Task item: In the entries below, the lines from the one with "text Voor het" through the one with "text In uw brief" are to be copied exactly; both ends count.

Excerpted records section start

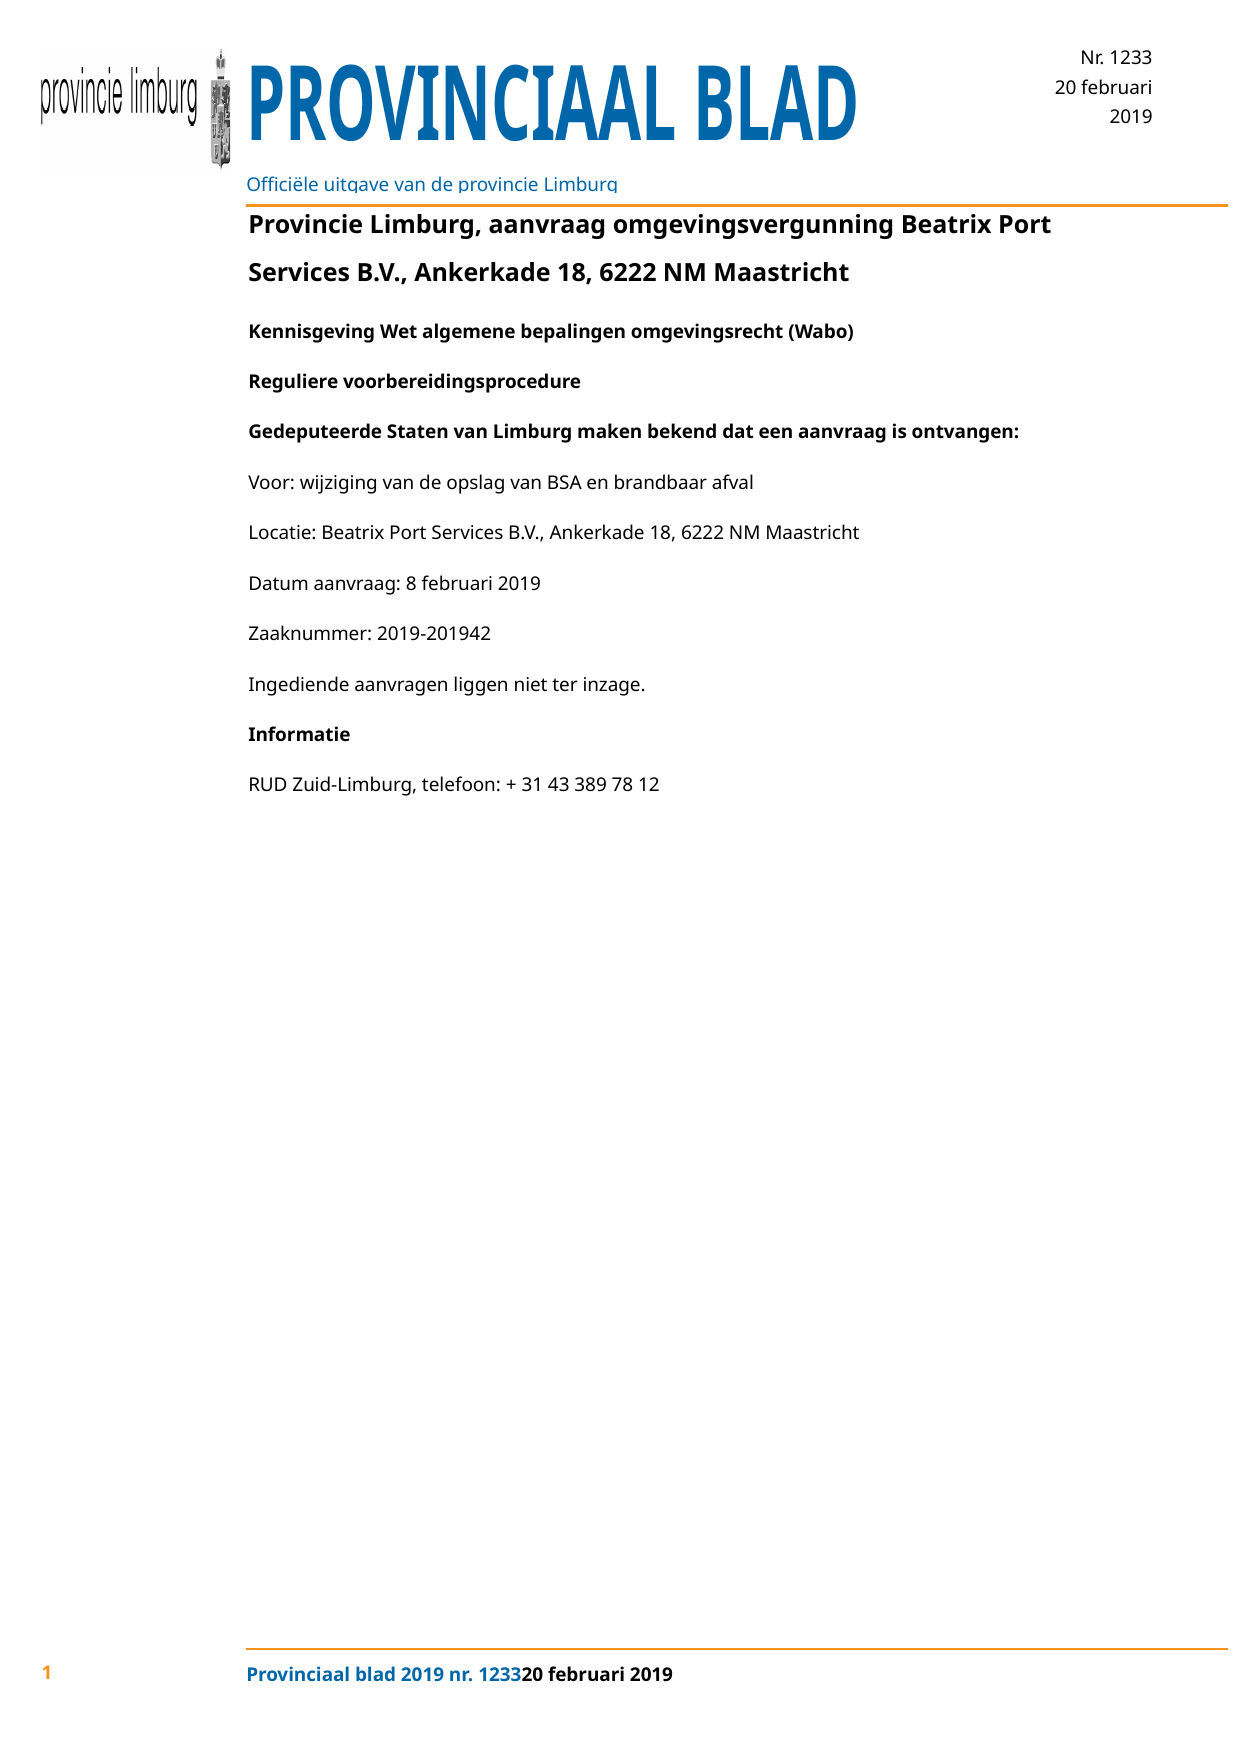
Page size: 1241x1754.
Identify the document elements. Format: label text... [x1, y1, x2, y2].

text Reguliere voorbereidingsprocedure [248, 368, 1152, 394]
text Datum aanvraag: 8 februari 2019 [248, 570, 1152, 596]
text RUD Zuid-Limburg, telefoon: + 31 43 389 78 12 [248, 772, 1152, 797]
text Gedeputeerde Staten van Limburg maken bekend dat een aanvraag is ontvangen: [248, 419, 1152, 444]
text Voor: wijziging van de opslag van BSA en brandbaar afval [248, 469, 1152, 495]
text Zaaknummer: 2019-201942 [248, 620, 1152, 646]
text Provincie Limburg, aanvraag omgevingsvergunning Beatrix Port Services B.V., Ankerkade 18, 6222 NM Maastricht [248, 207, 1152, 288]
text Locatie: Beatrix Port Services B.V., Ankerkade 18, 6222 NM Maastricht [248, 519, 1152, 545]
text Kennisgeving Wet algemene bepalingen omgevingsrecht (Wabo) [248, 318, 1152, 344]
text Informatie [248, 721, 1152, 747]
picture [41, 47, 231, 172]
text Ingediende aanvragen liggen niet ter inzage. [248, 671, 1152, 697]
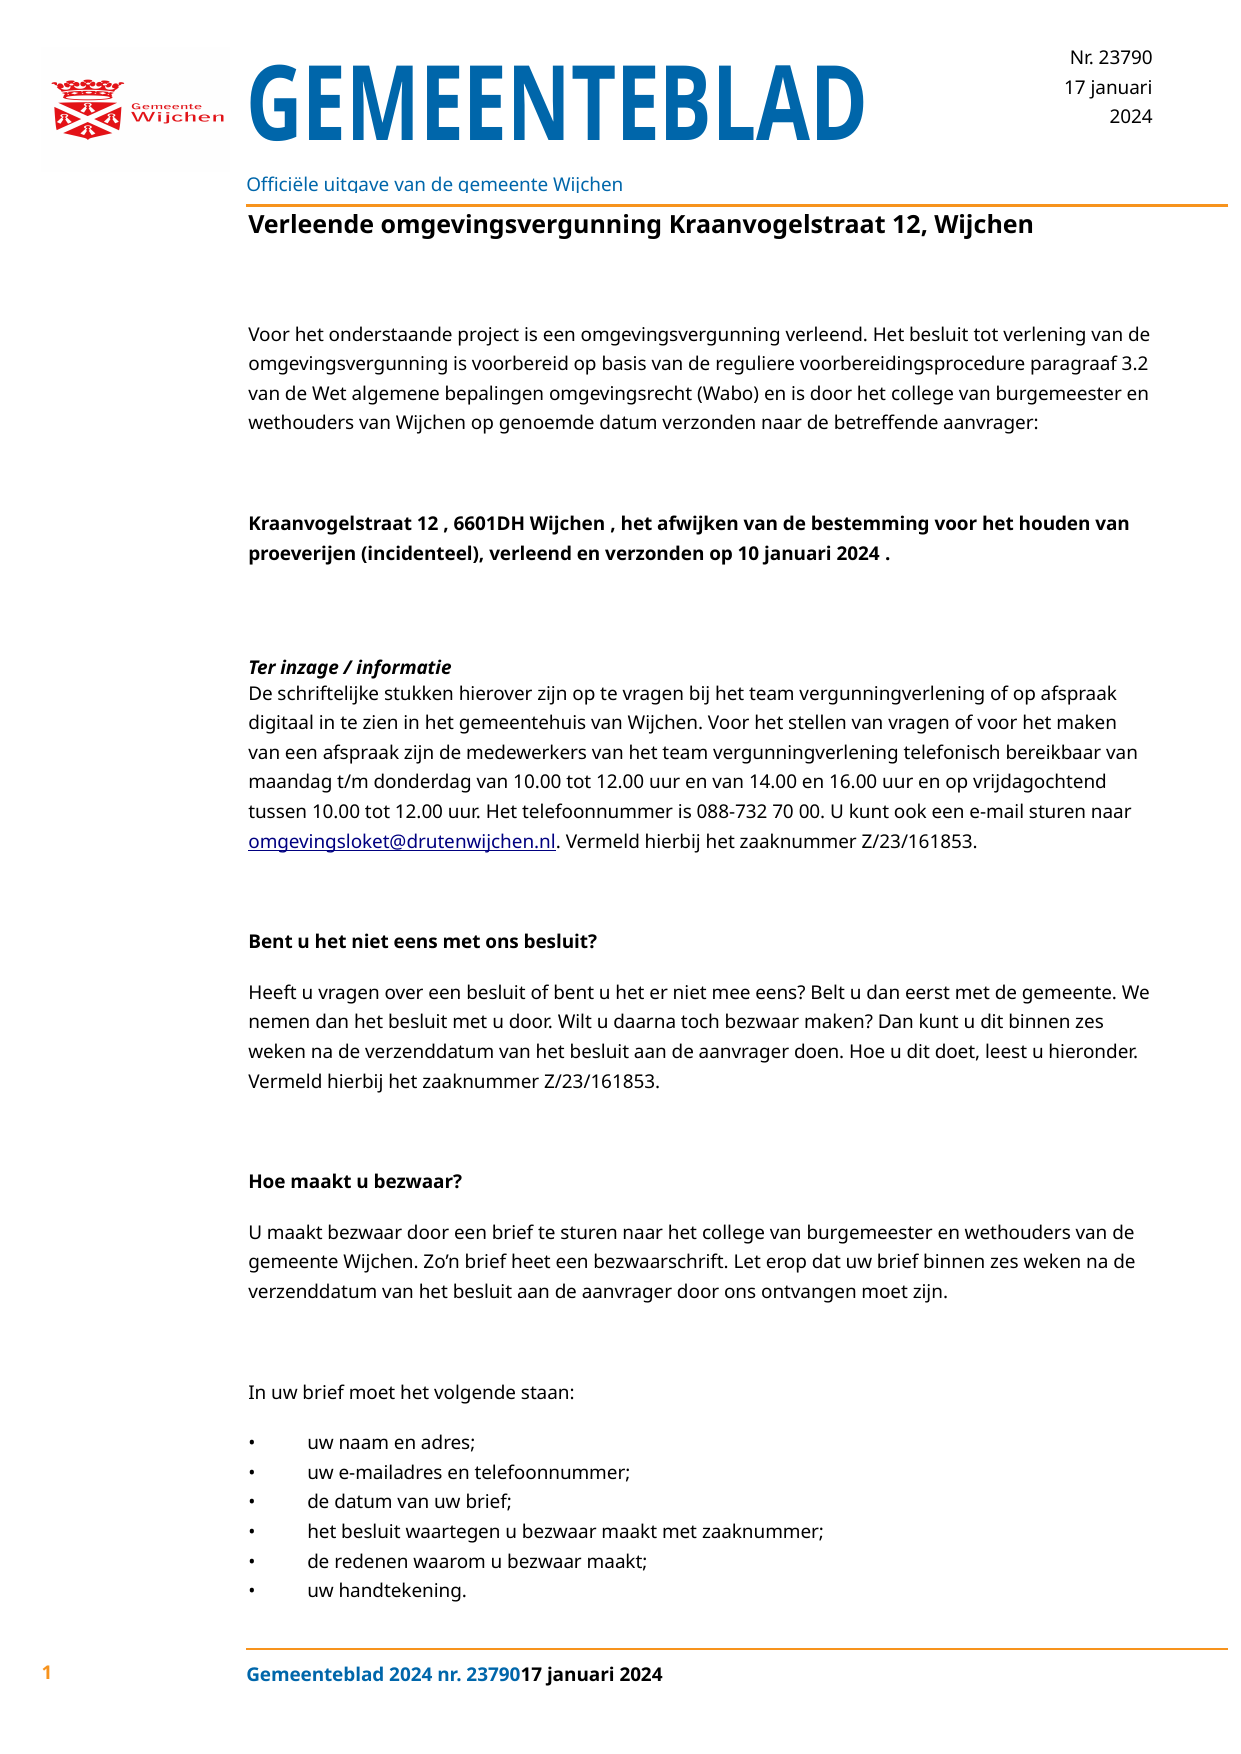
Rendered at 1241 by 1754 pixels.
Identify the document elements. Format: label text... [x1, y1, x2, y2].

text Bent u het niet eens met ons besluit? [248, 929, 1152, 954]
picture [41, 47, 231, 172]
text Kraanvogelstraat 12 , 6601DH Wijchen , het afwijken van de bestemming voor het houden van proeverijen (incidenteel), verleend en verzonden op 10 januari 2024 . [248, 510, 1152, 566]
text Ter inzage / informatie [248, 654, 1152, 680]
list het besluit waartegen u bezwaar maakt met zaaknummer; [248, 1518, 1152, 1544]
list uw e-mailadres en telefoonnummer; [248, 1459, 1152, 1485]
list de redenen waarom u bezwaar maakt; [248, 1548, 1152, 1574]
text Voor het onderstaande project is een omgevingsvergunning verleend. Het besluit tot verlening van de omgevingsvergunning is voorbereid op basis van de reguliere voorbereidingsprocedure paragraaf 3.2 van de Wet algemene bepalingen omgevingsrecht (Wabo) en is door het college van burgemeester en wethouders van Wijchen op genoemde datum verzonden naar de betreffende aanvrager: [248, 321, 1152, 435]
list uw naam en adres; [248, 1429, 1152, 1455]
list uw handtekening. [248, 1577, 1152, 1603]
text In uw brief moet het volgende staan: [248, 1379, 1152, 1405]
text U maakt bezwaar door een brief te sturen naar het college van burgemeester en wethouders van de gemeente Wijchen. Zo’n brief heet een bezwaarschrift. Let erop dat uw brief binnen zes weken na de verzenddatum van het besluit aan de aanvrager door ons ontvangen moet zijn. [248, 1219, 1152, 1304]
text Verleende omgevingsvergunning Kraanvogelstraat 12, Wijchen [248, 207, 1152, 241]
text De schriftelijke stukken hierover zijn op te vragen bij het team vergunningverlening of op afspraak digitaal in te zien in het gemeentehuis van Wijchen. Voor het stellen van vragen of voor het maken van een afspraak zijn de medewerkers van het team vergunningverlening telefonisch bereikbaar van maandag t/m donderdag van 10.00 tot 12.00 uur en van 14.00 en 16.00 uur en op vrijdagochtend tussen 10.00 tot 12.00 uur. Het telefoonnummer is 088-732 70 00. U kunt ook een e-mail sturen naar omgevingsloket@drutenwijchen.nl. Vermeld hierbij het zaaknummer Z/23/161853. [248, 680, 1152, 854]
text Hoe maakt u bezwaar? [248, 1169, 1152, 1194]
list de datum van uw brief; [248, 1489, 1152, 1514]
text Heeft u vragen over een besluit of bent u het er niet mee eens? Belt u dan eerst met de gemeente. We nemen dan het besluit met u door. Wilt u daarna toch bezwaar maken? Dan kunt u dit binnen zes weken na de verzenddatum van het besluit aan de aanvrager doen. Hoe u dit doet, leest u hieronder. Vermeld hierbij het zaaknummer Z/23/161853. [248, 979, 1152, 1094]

Excerpted records section end

Written reply:
text Voor het onderstaande project is een omgevingsvergunning verleend. Het besluit tot verlening van de omgevingsvergunning is voorbereid op basis van de reguliere voorbereidingsprocedure paragraaf 3.2 van de Wet algemene bepalingen omgevingsrecht (Wabo) en is door het college van burgemeester en wethouders van Wijchen op genoemde datum verzonden naar de betreffende aanvrager: [248, 321, 1152, 435]
list uw naam en adres; [248, 1429, 1152, 1455]
list uw handtekening. [248, 1577, 1152, 1603]
text In uw brief moet het volgende staan: [248, 1379, 1152, 1405]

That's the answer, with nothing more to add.